Step 2 - Conversion in Glia: Inside glial cells, glutamate is converted back into glutamine.
Step 3 - Shuttling: Glutamine is transported out of the glia and taken up by the presynaptic neuron.
Step 4 - Re-synthesis: In the neuron, glutamine is converted back to glutamate by glutaminase, completing the cycle.
Why is it critical to rapidly clear glutamate from the synaptic cleft?
Reason: Glutamate is the main excitatory neurotransmitter.
Consequence: If it persists in the extracellular space, it can cause overexcitation of surrounding neurons, leading to excitotoxicity and potential cell damage. The glutamate-glutamine cycle ensures precise, transient signaling.
What are the three families of ionotropic glutamate receptors, and how did they get their names?
Families:
AMPA receptors
NMDA receptors
Kainate receptors
Naming: They are named after synthetic agonists that selectively activate them: AMPA, NMDA, and kainic acid.
What ions do ionotropic glutamate receptors conduct, and what type of postsynaptic potential do they always produce?

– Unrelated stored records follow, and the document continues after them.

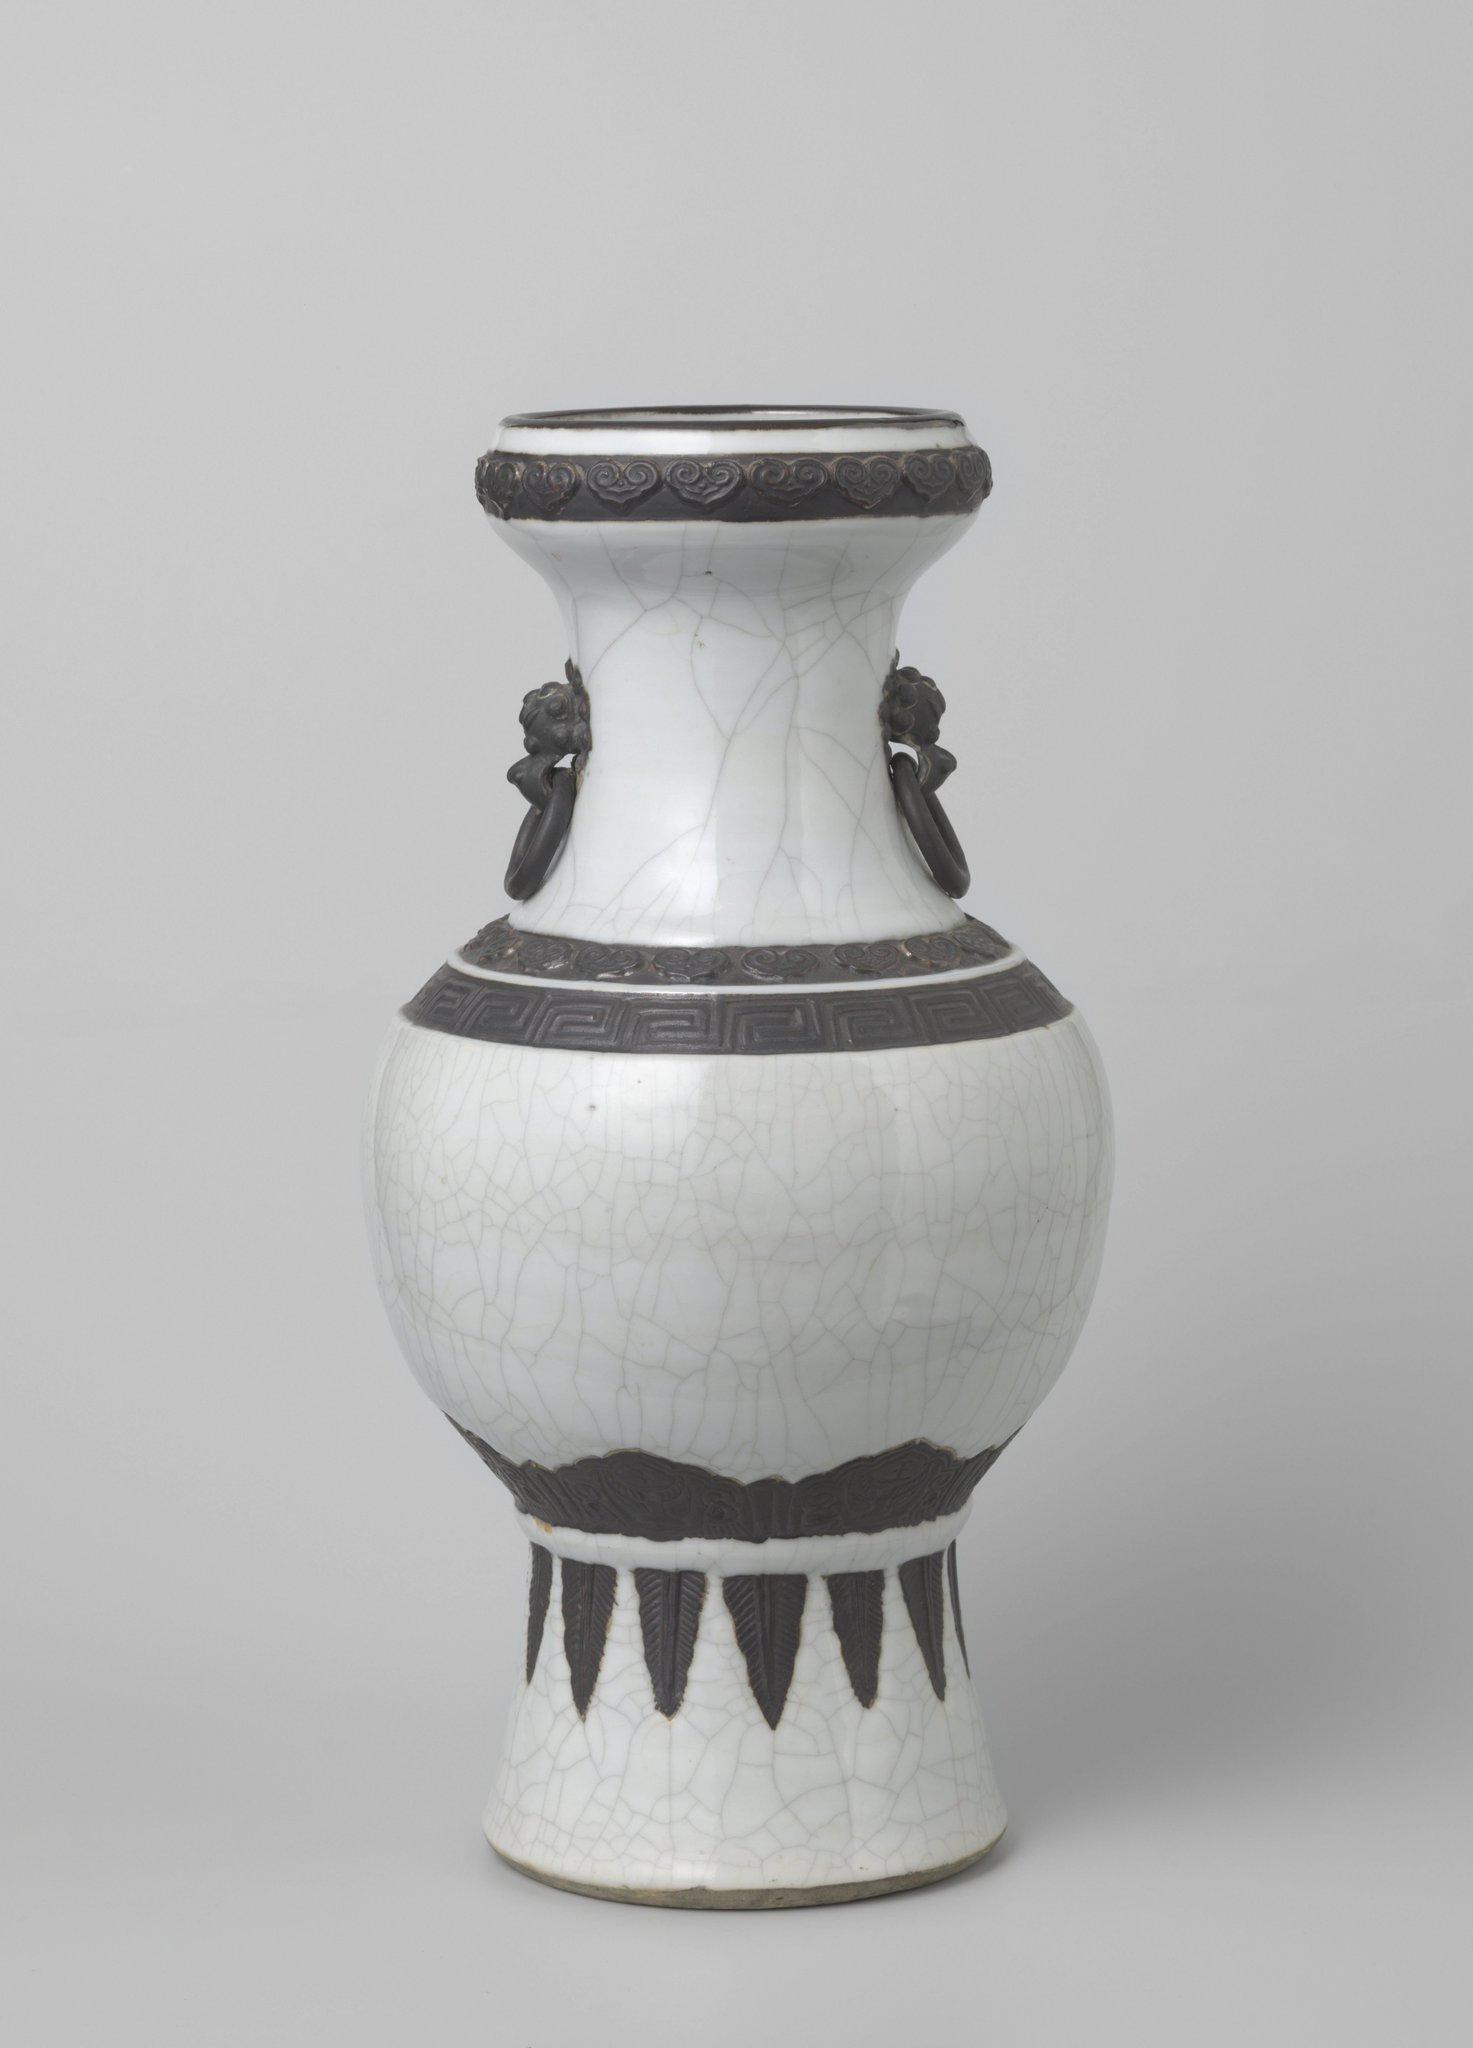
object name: vase
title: Vase with ornamental borders and lion heads with ring handles
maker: Anonymous
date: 1800-1900
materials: paint, glaze, porcelain
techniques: firing, turning, vitrification
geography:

Ion Permeability: All conduct sodium (Na⁺) and potassium (K⁺) ions. Some subtypes are also permeable to calcium (Ca²⁺).
Result: Their reversal potential is always more positive than the action potential threshold. Therefore, their activation always generates a fast Excitatory Postsynaptic Potential (EPSP).
Describe the structure of ionotropic glutamate receptors and their distribution in the nervous system.
Structure: Composed of four subunits. Multiple genes encode these subunits, leading to great diversity in properties like conductance and kinetics.
Distribution:
AMPA & NMDA receptors: Found together at most glutamatergic synapses in the brain.
Kainate receptors: Present at some synapses, and can be located on both postsynaptic and presynaptic membranes ( will change the membrane potenial,, have feedback system with what regulates glutamate).